*** Dataset content ***
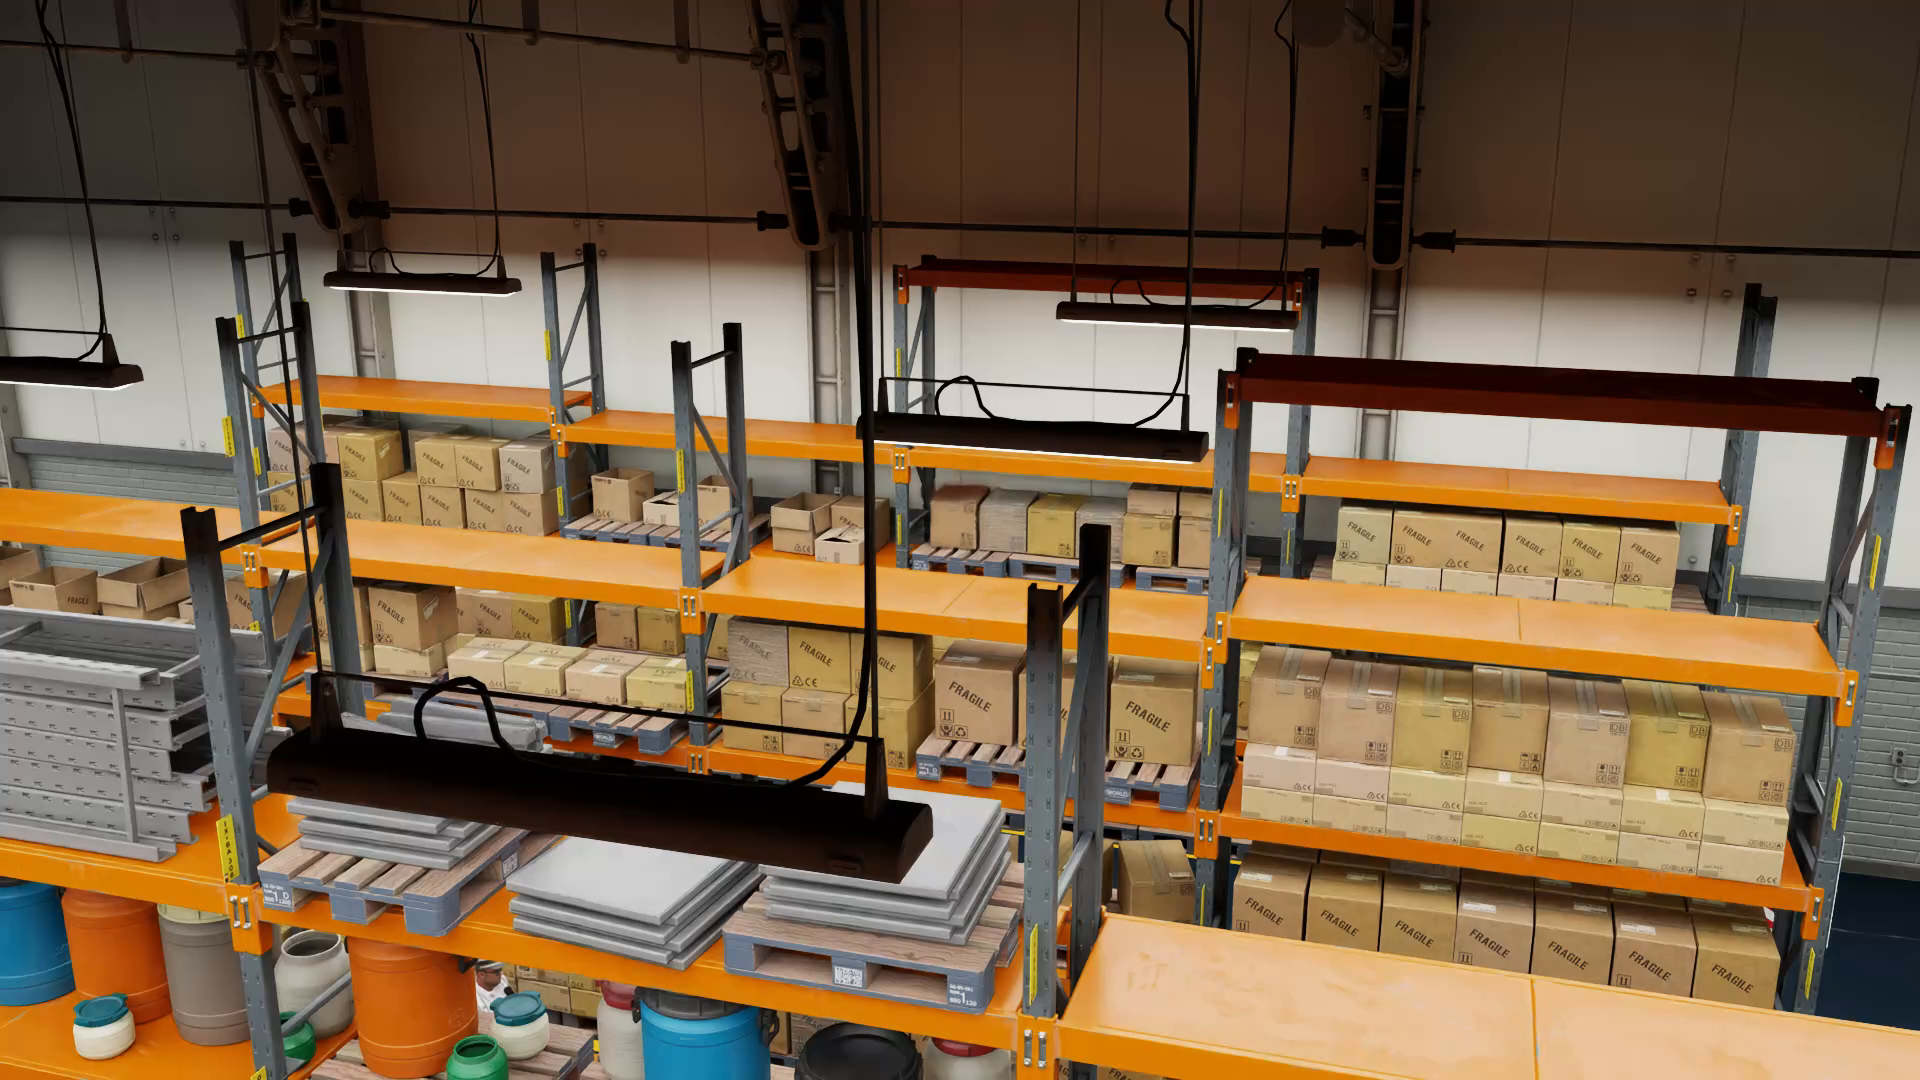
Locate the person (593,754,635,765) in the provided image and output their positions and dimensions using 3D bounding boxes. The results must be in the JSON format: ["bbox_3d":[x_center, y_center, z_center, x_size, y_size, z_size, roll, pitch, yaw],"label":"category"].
[{"bbox_3d":[-3.577,2.430,17.204,0.478,1.712,0.566,8,18,27],"label":"person"}]

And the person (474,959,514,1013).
[{"bbox_3d":[-3.525,3.827,12.329,0.562,1.756,0.585,7,17,22],"label":"person"}]
*** End of Dataset content ***
Drop the images, then copy the data exactly.

Locate the person (593,754,635,765) in the provided image and output their positions and dimensions using 3D bounding boxes. The results must be in the JSON format: ["bbox_3d":[x_center, y_center, z_center, x_size, y_size, z_size, roll, pitch, yaw],"label":"category"].
[{"bbox_3d":[-3.577,2.430,17.204,0.478,1.712,0.566,8,18,27],"label":"person"}]

And the person (474,959,514,1013).
[{"bbox_3d":[-3.525,3.827,12.329,0.562,1.756,0.585,7,17,22],"label":"person"}]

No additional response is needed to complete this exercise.